Taking the line that contains "candle -> -0.838, -0.058, 2.236" as the start and the last line of the data as the end, repeat exactly every line in that span, but no pictures.

Dataset records
........

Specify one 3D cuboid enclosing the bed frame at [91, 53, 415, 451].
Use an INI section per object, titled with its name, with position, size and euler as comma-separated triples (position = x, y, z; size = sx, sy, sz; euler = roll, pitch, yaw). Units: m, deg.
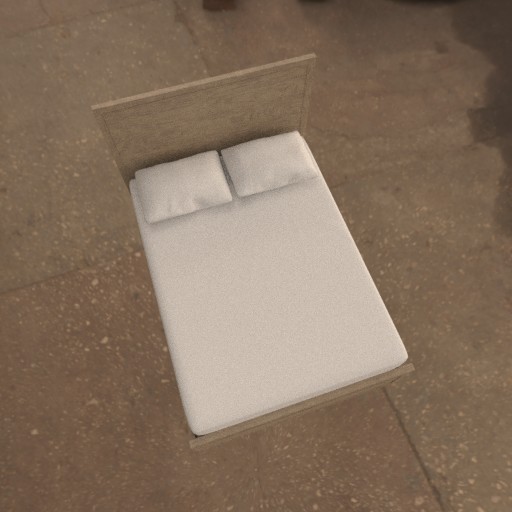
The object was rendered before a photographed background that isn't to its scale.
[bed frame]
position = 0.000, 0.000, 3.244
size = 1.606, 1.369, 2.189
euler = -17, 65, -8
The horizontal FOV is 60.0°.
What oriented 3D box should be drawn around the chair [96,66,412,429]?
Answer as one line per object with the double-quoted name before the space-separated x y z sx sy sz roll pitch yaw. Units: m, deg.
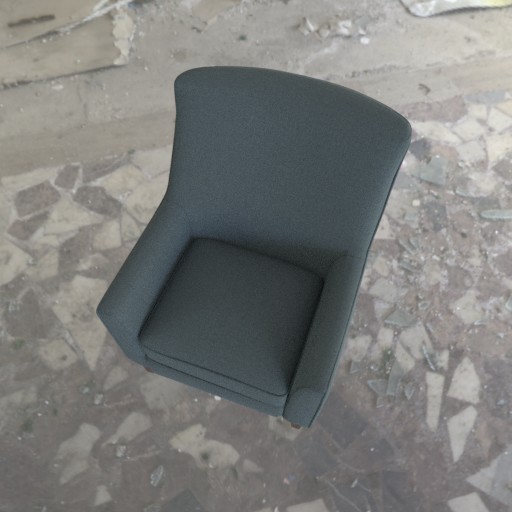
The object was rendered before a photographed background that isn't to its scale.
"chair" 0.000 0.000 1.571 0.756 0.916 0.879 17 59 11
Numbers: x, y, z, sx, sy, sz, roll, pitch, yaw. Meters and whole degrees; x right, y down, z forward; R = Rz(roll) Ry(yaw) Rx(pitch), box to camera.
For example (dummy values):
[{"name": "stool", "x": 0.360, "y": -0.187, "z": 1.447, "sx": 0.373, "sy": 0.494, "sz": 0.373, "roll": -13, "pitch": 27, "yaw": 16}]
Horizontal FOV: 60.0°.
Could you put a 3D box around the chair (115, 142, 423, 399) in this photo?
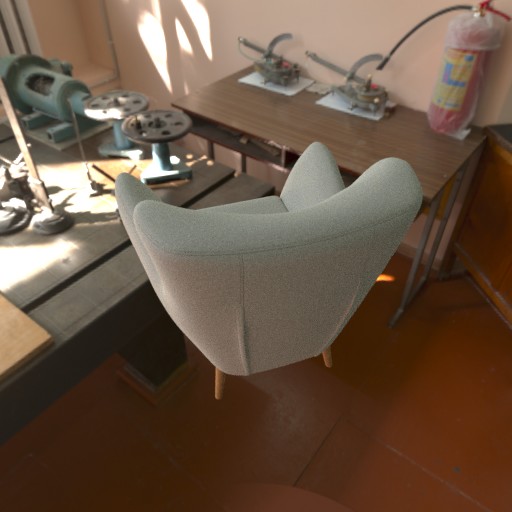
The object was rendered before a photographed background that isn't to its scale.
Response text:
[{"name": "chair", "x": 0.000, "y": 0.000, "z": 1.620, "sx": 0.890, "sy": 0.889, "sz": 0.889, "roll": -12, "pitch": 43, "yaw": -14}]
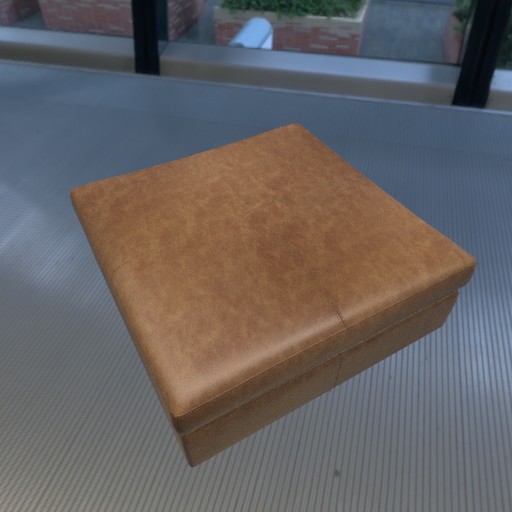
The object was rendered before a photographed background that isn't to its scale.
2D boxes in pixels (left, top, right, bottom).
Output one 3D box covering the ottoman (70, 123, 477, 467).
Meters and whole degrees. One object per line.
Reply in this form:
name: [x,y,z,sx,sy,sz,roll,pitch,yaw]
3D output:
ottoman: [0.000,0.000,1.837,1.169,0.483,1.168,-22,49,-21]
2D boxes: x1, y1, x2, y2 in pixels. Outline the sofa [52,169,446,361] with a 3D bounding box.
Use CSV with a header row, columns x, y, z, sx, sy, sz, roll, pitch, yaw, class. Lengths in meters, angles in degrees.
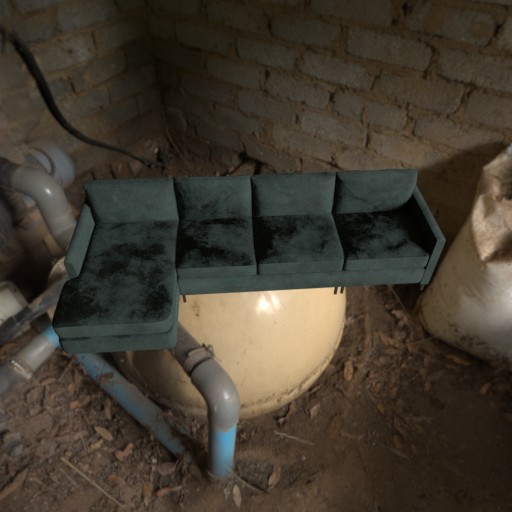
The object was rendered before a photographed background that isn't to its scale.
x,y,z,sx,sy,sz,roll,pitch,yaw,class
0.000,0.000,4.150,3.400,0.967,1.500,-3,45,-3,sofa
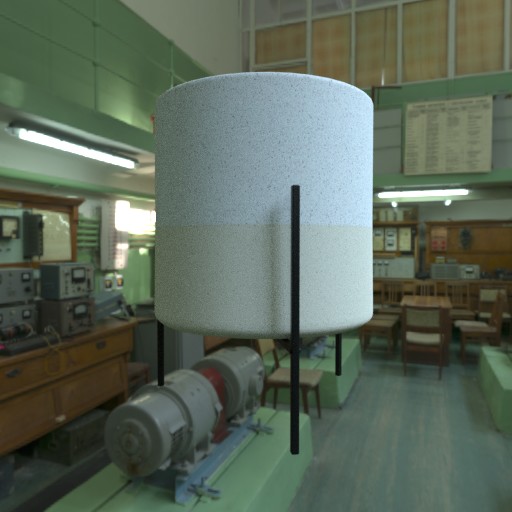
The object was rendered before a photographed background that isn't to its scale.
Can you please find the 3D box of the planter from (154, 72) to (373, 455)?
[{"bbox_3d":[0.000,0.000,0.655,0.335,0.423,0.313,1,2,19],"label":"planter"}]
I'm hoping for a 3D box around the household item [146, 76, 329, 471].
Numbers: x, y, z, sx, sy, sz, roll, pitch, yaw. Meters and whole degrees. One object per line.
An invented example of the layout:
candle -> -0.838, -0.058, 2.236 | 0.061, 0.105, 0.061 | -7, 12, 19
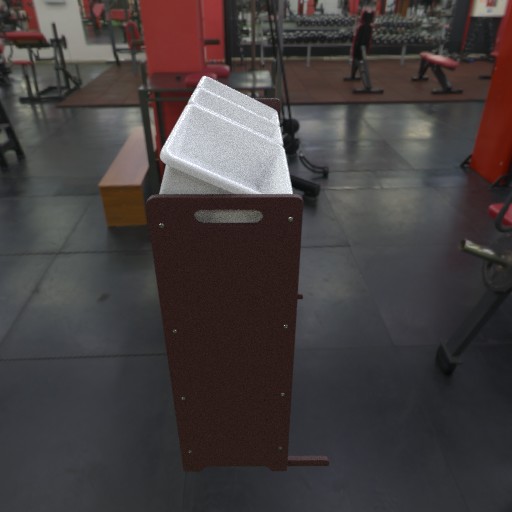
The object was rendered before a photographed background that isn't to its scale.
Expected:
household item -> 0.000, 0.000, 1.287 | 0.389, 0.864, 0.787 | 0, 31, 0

........

Answer to the problem
candle -> -0.838, -0.058, 2.236 | 0.061, 0.105, 0.061 | -7, 12, 19
The object was rendered before a photographed background that isn't to its scale.
Expected:
household item -> 0.000, 0.000, 1.287 | 0.389, 0.864, 0.787 | 0, 31, 0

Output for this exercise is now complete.